This is a large-format spiral-bound book with lots of examples, exercises, tasks and information for teachers to use with young people. It deals with well-being, choices, what it’s like to be at work, and how to achieve good work-life balance. It’s a good resource for form tutors and learning mentors - and you can’t help thinking that it has something to offer to them as well as to the young people they work with.

Maybe the ultimate threat to self-esteem lies in bullying (the damage accrues to the bully as much as to the victim) which Barbara Coloroso takes on here with great wisdom. Her title spells out the complexity of the phenomenon; that it involves what she calls a “deadly triad: bullies who terrorise, bullied kids who are afraid to tell, bystanders who watch, participate or look away”.

For schools worrying about bullying - and they all should be - perhaps the most important message comes in a quote from Professor Terrence Deal of the University of California: “Policies and procedures, rules and regulations, often serve as substitutes for values. What schools need is that shared sense of ‘this is the way we do things here’.”

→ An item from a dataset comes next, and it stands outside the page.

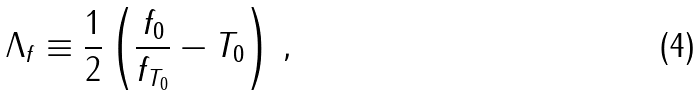Convert formula to latex. <formula><loc_0><loc_0><loc_500><loc_500>\Lambda _ { f } \equiv \frac { 1 } { 2 } \left ( \frac { f _ { 0 } } { f _ { T _ { 0 } } } - T _ { 0 } \right ) \, ,</formula>

That phrase, “this is the way we do things here”, has such a recognisable dignity and resonance. It works for proud regiments, good schools, the best workplaces.

Unfortunately, it doesn’t work in every family. Just to read the questions in the Q and A section on “What to tell the children” in Anne Hooper’s book is to feel your blood run cold at the sheer shabby cruelty of it all. “Why did Daddy go away?” “Will you still both be my mummy and daddy?” “Will my brothers and sisters be with me?”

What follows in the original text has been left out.